Kobach initially balked at the suggestion that he, as the Chief Elections Officer, should recuse himself in overseeing the vote count in this contested election. It was a bitterly ironic move coming from the leading crusader of voter fraud, who has been quick to make wild and basely accusations of impropriety elsewhere while refusing to acknowledge the problematic perception of overseeing his own vote count. Election experts and local editorial boards widely called for Kobach to recuse himself, followed by a call for recusal from Colyer, who said in a press release that Kobach was “making public statements on national television which are inconsistent with Kansas law and may serve to suppress the vote in the ongoing primary election process”. Furthermore, Coyler’s spokesman said that Kobach’s office had told county clerks to disregard ballots with smudged postmarks and that a hotline they set up had “received countless reports [of impropriety]…Many Colyer voters had difficulties finding his name on the ballot, were forced to vote on provisional ballots, or were turned away outright for unknown reasons.”
The mounting pressure caused Kobach to recuse himself from overseeing the election results, turning over duties to his close assistant, Eric Rucker. But, Colyer’s campaign said this move did not remove the concerns of a conflict of interest as Rucker donated $1,000 to Kobach’s campaign and is an employee of his.
Other voting irregularities and discrepancies continue to plague attempts to obtain a result. There have been reporting problems in Johnson County, the most populous county in Kansas, and four counties had vote count discrepancies from the total reported by the Secretary of State, which reduced Kobach’s lead by 62 votes.
Kobach, who has been quick to point his finger at immigrants for a wide variety of state and national ills, claimed noncitizen participation skewed the primary election. But, as usual, Kobach provided no evidence for this claim, instead continuing to tilt at windmills while doing the absolute bare minimum to alleviate the perception of impropriety on his part.
None of this is surprising to those of us who have watched Kobach up close.
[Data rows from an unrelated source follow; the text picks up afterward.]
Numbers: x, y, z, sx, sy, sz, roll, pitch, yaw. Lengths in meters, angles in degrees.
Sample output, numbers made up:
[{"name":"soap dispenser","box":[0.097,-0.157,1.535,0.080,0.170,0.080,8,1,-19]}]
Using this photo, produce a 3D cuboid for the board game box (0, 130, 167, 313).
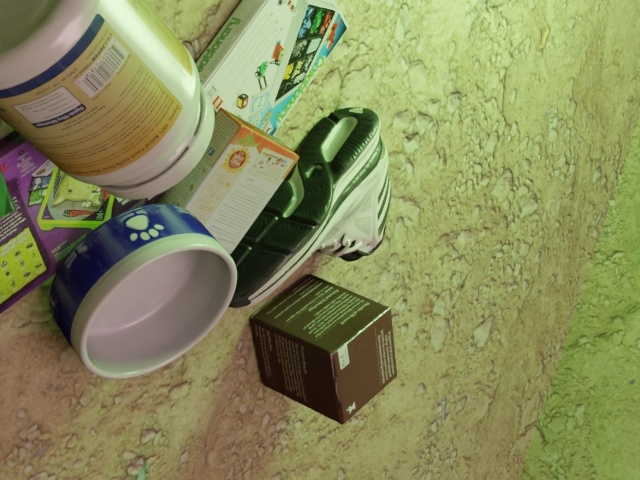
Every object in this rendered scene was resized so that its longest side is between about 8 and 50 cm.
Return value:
[{"name":"board game box","box":[-0.376,-0.069,1.548,0.347,0.056,0.208,-40,139,-33]}]

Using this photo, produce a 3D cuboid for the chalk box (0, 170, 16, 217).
[{"name":"chalk box","box":[-0.503,-0.131,1.229,0.179,0.180,0.289,-34,118,-37]}]

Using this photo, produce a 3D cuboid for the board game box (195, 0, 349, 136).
[{"name":"board game box","box":[-0.084,-0.301,1.790,0.305,0.053,0.193,-56,142,-16]}]

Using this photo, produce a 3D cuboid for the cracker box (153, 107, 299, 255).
[{"name":"cracker box","box":[-0.160,-0.078,1.744,0.232,0.067,0.156,-54,144,8]}]

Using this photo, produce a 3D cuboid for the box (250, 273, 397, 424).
[{"name":"box","box":[0.007,0.195,2.017,0.167,0.203,0.168,-36,132,-37]}]

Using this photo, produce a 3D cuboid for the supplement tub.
[{"name":"supplement tub","box":[-0.290,-0.209,1.369,0.228,0.228,0.316,-59,144,-13]}]

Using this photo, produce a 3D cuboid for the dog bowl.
[{"name":"dog bowl","box":[-0.261,0.077,1.634,0.265,0.104,0.265,-30,148,-21]}]

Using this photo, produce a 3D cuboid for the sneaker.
[{"name":"sneaker","box":[0.001,0.000,1.944,0.447,0.169,0.257,-51,138,-26]}]
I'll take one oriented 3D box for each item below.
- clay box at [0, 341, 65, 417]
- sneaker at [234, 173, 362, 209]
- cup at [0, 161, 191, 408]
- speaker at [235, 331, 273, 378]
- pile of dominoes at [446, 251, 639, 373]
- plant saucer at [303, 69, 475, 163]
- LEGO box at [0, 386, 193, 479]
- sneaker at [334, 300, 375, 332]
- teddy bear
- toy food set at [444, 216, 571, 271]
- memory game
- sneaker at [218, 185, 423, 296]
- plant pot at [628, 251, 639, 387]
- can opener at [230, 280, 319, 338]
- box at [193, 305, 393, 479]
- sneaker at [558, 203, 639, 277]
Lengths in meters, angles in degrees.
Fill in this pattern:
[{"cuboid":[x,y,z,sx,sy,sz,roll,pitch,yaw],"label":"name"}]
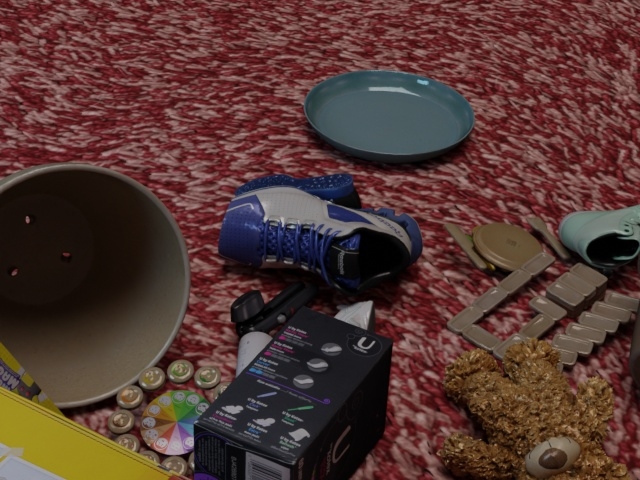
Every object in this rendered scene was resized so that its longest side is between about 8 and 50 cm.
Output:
[{"cuboid":[-0.403,0.186,1.658,0.127,0.222,0.053,-2,39,51],"label":"clay box"},{"cuboid":[-0.037,-0.055,2.182,0.232,0.090,0.081,1,29,35],"label":"sneaker"},{"cuboid":[-0.371,0.038,1.841,0.331,0.331,0.237,-11,17,-21],"label":"cup"},{"cuboid":[-0.091,0.188,1.836,0.055,0.055,0.136,3,34,-2],"label":"speaker"},{"cuboid":[0.344,0.122,2.013,0.251,0.040,0.196,-33,49,-31],"label":"pile of dominoes"},{"cuboid":[0.126,-0.225,2.467,0.317,0.044,0.318,3,35,-2],"label":"plant saucer"},{"cuboid":[-0.411,0.351,1.446,0.500,0.193,0.372,21,38,23],"label":"LEGO box"},{"cuboid":[0.043,0.140,1.931,0.061,0.054,0.152,0,28,10],"label":"sneaker"},{"cuboid":[0.278,0.239,1.754,0.245,0.113,0.338,4,34,3],"label":"teddy bear"},{"cuboid":[0.300,0.016,2.150,0.192,0.039,0.132,-5,40,-28],"label":"toy food set"},{"cuboid":[-0.190,0.235,1.748,0.186,0.012,0.186,-2,52,3],"label":"memory game"},{"cuboid":[0.001,0.000,2.009,0.315,0.127,0.182,6,12,1],"label":"sneaker"},{"cuboid":[0.545,0.115,1.868,0.263,0.263,0.229,21,55,23],"label":"plant pot"},{"cuboid":[-0.062,0.100,1.966,0.059,0.073,0.186,19,27,33],"label":"can opener"},{"cuboid":[-0.030,0.234,1.679,0.143,0.165,0.270,19,38,21],"label":"box"},{"cuboid":[0.522,-0.003,2.119,0.255,0.094,0.151,-9,19,-2],"label":"sneaker"}]
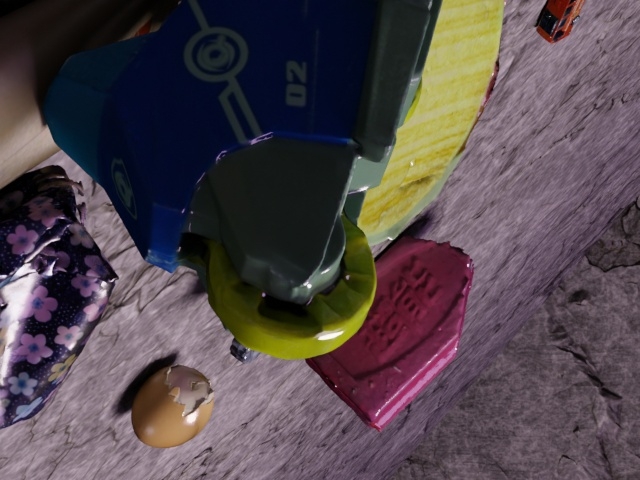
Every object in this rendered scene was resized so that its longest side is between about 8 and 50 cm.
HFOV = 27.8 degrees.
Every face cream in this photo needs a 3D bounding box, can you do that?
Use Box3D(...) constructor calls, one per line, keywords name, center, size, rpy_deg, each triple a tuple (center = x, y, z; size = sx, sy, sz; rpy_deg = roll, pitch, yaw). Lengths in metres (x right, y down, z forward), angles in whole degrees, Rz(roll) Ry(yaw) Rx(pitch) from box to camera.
Box3D(name="face cream", center=(-0.184, -0.073, 0.713), size=(0.341, 0.084, 0.137), rpy_deg=(-41, 159, -45))

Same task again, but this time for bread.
Box3D(name="bread", center=(0.077, -0.137, 1.113), size=(0.301, 0.045, 0.301), rpy_deg=(-44, 148, -38))

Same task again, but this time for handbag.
Box3D(name="handbag", center=(-0.245, 0.062, 0.778), size=(0.207, 0.127, 0.229), rpy_deg=(-17, 158, -39))

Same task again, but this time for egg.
Box3D(name="egg", center=(-0.157, 0.178, 1.357), size=(0.080, 0.080, 0.096), rpy_deg=(-20, 147, -56))

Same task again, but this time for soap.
Box3D(name="soap", center=(0.102, 0.107, 1.695), size=(0.250, 0.162, 0.099), rpy_deg=(-44, 158, -10))

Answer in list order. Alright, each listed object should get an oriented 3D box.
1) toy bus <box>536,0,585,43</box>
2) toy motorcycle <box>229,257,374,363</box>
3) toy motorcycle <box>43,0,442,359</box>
Box3D(name="toy bus", center=(0.272, -0.264, 1.431), size=(0.043, 0.031, 0.110), rpy_deg=(-34, 159, -27))
Box3D(name="toy motorcycle", center=(0.005, 0.004, 1.276), size=(0.239, 0.108, 0.204), rpy_deg=(-44, 176, 31))
Box3D(name="toy motorcycle", center=(-0.035, -0.091, 0.732), size=(0.191, 0.200, 0.326), rpy_deg=(109, 1, -53))
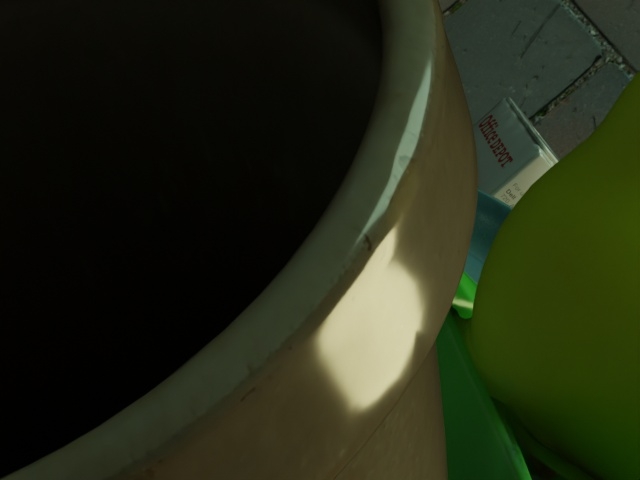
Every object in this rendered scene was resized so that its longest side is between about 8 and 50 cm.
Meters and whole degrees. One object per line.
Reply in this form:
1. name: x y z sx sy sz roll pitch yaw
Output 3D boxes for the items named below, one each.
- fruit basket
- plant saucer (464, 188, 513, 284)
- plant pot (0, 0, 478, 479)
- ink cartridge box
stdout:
1. fruit basket: 0.139 0.101 0.804 0.283 0.392 0.392 45 10 -23
2. plant saucer: 0.000 0.000 1.143 0.317 0.044 0.317 13 20 -5
3. plant pot: -0.062 0.050 0.552 0.263 0.263 0.229 60 -4 48
4. ink cartridge box: 0.089 0.016 1.350 0.092 0.219 0.160 47 10 -15
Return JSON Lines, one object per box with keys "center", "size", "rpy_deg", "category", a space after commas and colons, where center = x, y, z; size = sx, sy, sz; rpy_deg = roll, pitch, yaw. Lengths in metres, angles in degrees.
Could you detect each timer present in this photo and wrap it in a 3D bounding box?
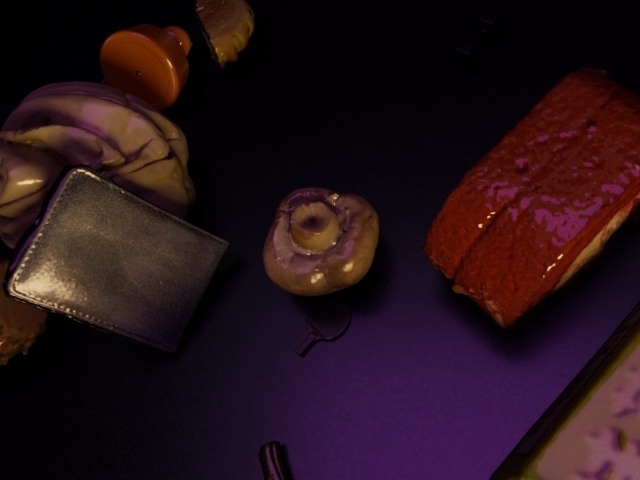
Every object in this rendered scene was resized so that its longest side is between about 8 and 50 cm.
{"center": [-0.255, -0.299, 0.943], "size": [0.132, 0.131, 0.152], "rpy_deg": [4, 40, 19], "category": "timer"}

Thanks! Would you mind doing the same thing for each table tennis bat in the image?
{"center": [0.001, 0.104, 0.702], "size": [0.050, 0.007, 0.083], "rpy_deg": [36, 76, 29], "category": "table tennis bat"}

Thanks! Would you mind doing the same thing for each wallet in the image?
{"center": [-0.234, 0.025, 0.695], "size": [0.036, 0.222, 0.167], "rpy_deg": [12, 75, 58], "category": "wallet"}

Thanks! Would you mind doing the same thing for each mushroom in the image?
{"center": [0.000, 0.000, 0.697], "size": [0.148, 0.112, 0.147], "rpy_deg": [-4, 59, 6], "category": "mushroom"}

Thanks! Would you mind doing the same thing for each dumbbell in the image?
{"center": [0.219, -0.278, 0.818], "size": [0.036, 0.040, 0.083], "rpy_deg": [38, 78, -3], "category": "dumbbell"}

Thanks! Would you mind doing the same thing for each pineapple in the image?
{"center": [-0.518, 0.138, 0.777], "size": [0.310, 0.141, 0.170], "rpy_deg": [-23, 84, 13], "category": "pineapple"}

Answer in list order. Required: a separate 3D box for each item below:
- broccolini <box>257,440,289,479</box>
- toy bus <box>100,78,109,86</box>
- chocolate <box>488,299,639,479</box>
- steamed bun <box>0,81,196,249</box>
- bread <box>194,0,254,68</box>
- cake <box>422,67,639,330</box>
{"center": [0.041, 0.278, 0.574], "size": [0.123, 0.062, 0.272], "rpy_deg": [-43, 58, -15], "category": "broccolini"}
{"center": [-0.343, -0.249, 0.976], "size": [0.052, 0.037, 0.130], "rpy_deg": [21, 72, 30], "category": "toy bus"}
{"center": [0.342, 0.190, 0.477], "size": [0.301, 0.137, 0.289], "rpy_deg": [-46, 60, -9], "category": "chocolate"}
{"center": [-0.322, -0.099, 0.792], "size": [0.276, 0.203, 0.288], "rpy_deg": [-6, 61, 12], "category": "steamed bun"}
{"center": [-0.152, -0.351, 0.943], "size": [0.095, 0.083, 0.157], "rpy_deg": [-30, 61, -3], "category": "bread"}
{"center": [0.241, -0.048, 0.610], "size": [0.283, 0.177, 0.151], "rpy_deg": [-40, 59, -5], "category": "cake"}
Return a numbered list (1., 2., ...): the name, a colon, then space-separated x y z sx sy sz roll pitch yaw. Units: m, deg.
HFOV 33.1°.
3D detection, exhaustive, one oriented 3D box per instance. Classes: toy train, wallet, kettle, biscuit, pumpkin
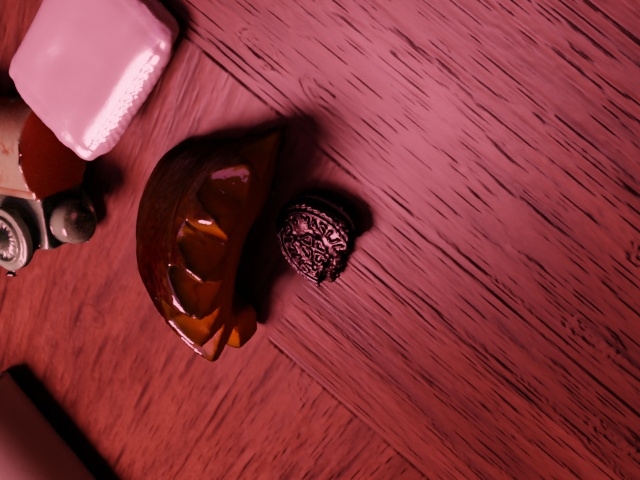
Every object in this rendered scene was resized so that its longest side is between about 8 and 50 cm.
1. toy train: -0.340 -0.074 1.084 0.285 0.116 0.177 10 116 37
2. wallet: -0.196 -0.159 0.924 0.124 0.032 0.183 46 132 3
3. kettle: -0.400 0.359 1.409 0.318 0.205 0.265 50 137 -8
4. biscuit: 0.000 0.000 0.902 0.087 0.027 0.089 -1 120 42
5. pumpkin: -0.127 0.001 0.934 0.149 0.130 0.254 30 139 18
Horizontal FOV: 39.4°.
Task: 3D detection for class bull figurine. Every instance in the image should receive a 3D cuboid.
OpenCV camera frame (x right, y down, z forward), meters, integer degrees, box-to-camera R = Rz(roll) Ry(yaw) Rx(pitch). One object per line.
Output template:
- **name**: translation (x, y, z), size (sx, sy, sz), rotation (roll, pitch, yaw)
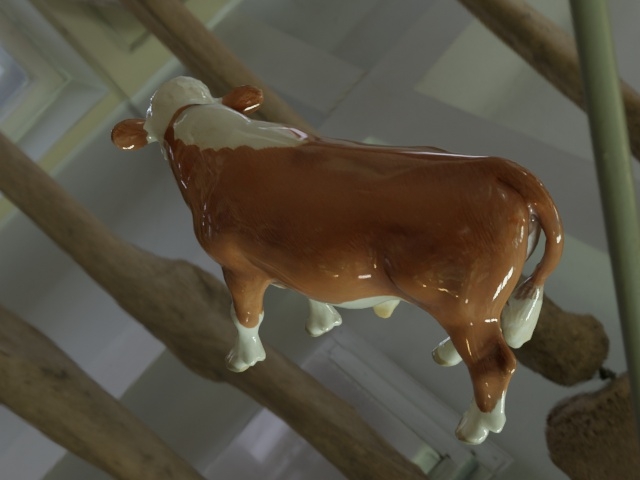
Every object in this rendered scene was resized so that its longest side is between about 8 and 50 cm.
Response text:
- **bull figurine**: translation (0.000, 0.000, 0.555), size (0.310, 0.188, 0.101), rotation (15, -142, 38)
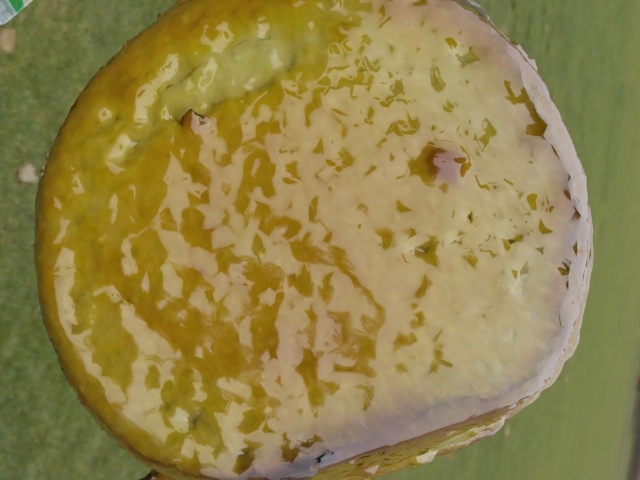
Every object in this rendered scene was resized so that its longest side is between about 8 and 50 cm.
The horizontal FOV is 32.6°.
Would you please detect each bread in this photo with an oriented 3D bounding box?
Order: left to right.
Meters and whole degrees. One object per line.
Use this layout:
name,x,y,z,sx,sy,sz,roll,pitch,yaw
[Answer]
bread,0.003,-0.002,0.676,0.204,0.358,0.337,-162,-130,-86

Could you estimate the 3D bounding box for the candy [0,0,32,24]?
candy,-0.279,-0.198,0.845,0.203,0.141,0.078,-26,127,-23
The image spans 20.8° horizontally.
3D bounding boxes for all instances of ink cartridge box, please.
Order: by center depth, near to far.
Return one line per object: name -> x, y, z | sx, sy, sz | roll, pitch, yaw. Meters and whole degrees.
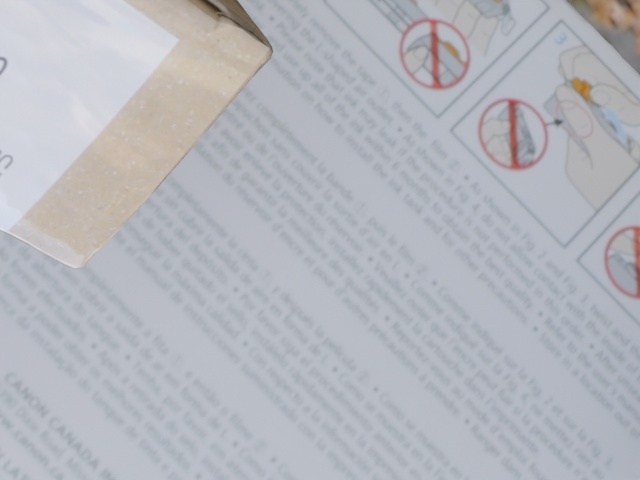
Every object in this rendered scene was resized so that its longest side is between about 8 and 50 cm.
ink cartridge box -> -0.148, -0.117, 0.455 | 0.234, 0.088, 0.193 | 33, -165, -38
ink cartridge box -> 0.000, 0.000, 0.694 | 0.308, 0.385, 0.091 | 46, 158, -1
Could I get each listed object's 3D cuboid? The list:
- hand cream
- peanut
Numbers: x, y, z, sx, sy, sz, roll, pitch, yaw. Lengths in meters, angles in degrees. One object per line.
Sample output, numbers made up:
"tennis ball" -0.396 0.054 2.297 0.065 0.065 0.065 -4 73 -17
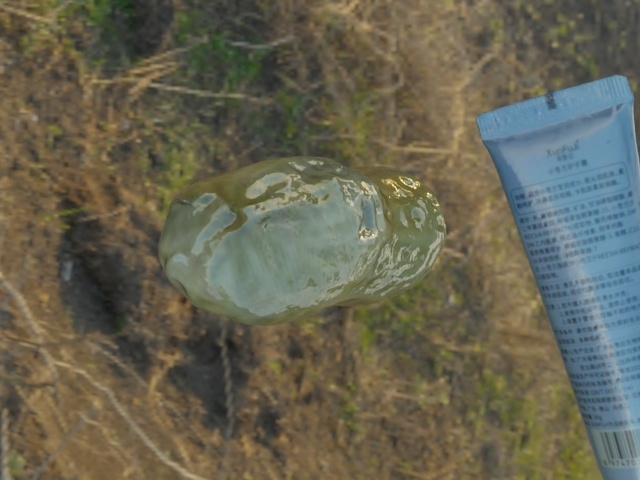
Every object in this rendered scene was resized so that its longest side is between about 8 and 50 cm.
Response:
"hand cream" 0.173 0.041 0.786 0.058 0.091 0.271 -42 116 -70
"peanut" 0.000 0.000 0.728 0.214 0.099 0.099 4 92 -57
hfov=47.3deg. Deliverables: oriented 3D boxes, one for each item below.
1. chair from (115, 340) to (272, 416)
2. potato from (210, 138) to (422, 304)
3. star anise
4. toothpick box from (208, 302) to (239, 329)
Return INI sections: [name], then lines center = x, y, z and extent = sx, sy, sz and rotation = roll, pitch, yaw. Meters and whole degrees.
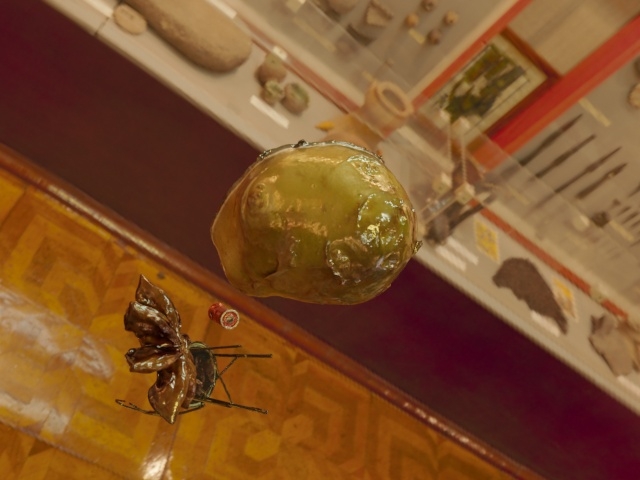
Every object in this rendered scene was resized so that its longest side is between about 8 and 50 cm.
[chair]
center = -0.278, 0.305, 1.597
extent = 0.160, 0.326, 0.170
rotation = 27, 64, -53
[potato]
center = 0.000, 0.000, 1.062
extent = 0.196, 0.300, 0.246
rotation = -116, -171, -48
[star anise]
center = -0.171, 0.118, 0.793
extent = 0.168, 0.057, 0.167
rotation = 159, -90, -86
[toothpick box]
center = -0.223, 0.172, 1.666
extent = 0.047, 0.083, 0.047
rotation = -5, 100, -30
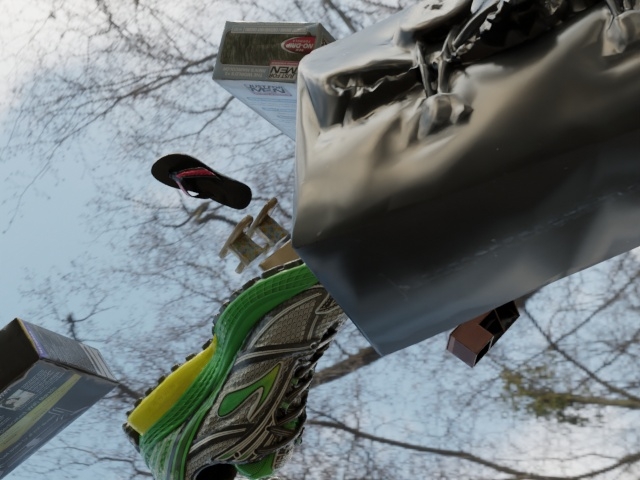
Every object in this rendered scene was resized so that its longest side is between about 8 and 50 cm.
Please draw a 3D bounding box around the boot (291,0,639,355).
[{"bbox_3d":[0.204,-0.153,0.443,0.146,0.445,0.367,52,-151,-19],"label":"boot"}]

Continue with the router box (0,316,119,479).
[{"bbox_3d":[-0.489,0.263,1.327,0.308,0.243,0.081,-39,-112,-1],"label":"router box"}]

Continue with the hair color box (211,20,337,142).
[{"bbox_3d":[-0.015,-0.264,1.602,0.374,0.185,0.114,28,-108,-62],"label":"hair color box"}]

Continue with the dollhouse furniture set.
[{"bbox_3d":[0.000,0.000,1.476,0.212,0.161,0.242,42,-140,7],"label":"dollhouse furniture set"}]

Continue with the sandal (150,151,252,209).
[{"bbox_3d":[-0.202,-0.098,1.512,0.179,0.067,0.040,21,-150,-6],"label":"sandal"}]

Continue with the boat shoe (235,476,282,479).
[{"bbox_3d":[-0.080,0.427,1.475,0.083,0.226,0.076,-3,-80,-40],"label":"boat shoe"}]

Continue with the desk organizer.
[{"bbox_3d":[0.248,0.127,1.332,0.050,0.047,0.130,36,-120,23],"label":"desk organizer"}]

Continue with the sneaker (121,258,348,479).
[{"bbox_3d":[-0.045,0.141,0.877,0.134,0.343,0.146,5,-137,-56],"label":"sneaker"}]
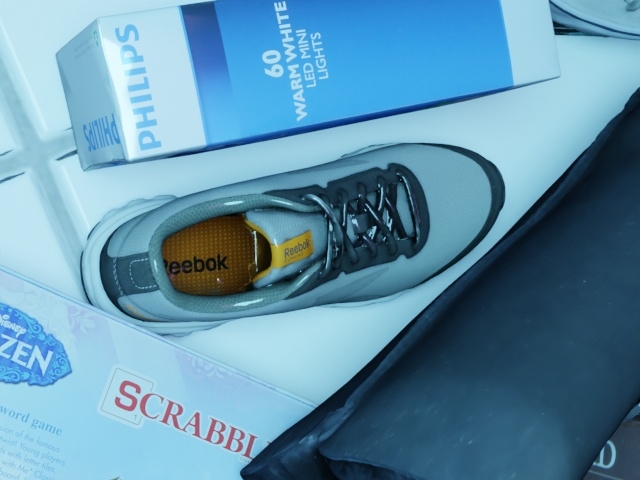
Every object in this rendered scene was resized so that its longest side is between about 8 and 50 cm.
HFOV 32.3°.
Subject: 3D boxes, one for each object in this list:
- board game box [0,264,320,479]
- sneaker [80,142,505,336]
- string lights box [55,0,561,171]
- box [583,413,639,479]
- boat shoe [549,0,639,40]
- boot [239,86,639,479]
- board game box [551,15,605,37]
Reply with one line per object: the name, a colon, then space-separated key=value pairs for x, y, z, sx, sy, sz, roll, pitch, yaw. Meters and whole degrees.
board game box: x=-0.132 y=0.204 z=0.589 sx=0.319 sy=0.066 sz=0.318 roll=27 pitch=66 yaw=-20
sneaker: x=0.000 y=0.000 z=0.660 sx=0.271 sy=0.108 sz=0.100 roll=-15 pitch=93 yaw=-23
string lights box: x=-0.009 y=-0.101 z=0.643 sx=0.260 sy=0.133 sz=0.076 roll=-13 pitch=96 yaw=-22
box: x=0.194 y=0.295 z=0.688 sx=0.143 sy=0.191 sz=0.381 roll=10 pitch=85 yaw=-22
boat shoe: x=0.164 y=-0.218 z=0.647 sx=0.367 sy=0.156 sz=0.136 roll=25 pitch=92 yaw=-32
boot: x=0.187 y=-0.011 z=0.570 sx=0.445 sy=0.367 sz=0.146 roll=-36 pitch=83 yaw=-29
board game box: x=0.157 y=-0.238 z=0.770 sx=0.126 sy=0.026 sz=0.186 roll=-2 pitch=90 yaw=-23

Now, his behavior is on display for the nation. His recent actions in this election have revealed his claims of protecting election integrity as the farce they have always been. But he has continued his strategy of blaming immigrants, using junk data to divide and distract from the problems at hand. For someone who loves to point fingers at fake voting, Kobach may be on his way to a very contested and controversial winning margin. We will only likely see more of this strategy if Kobach is named the Republican nominee.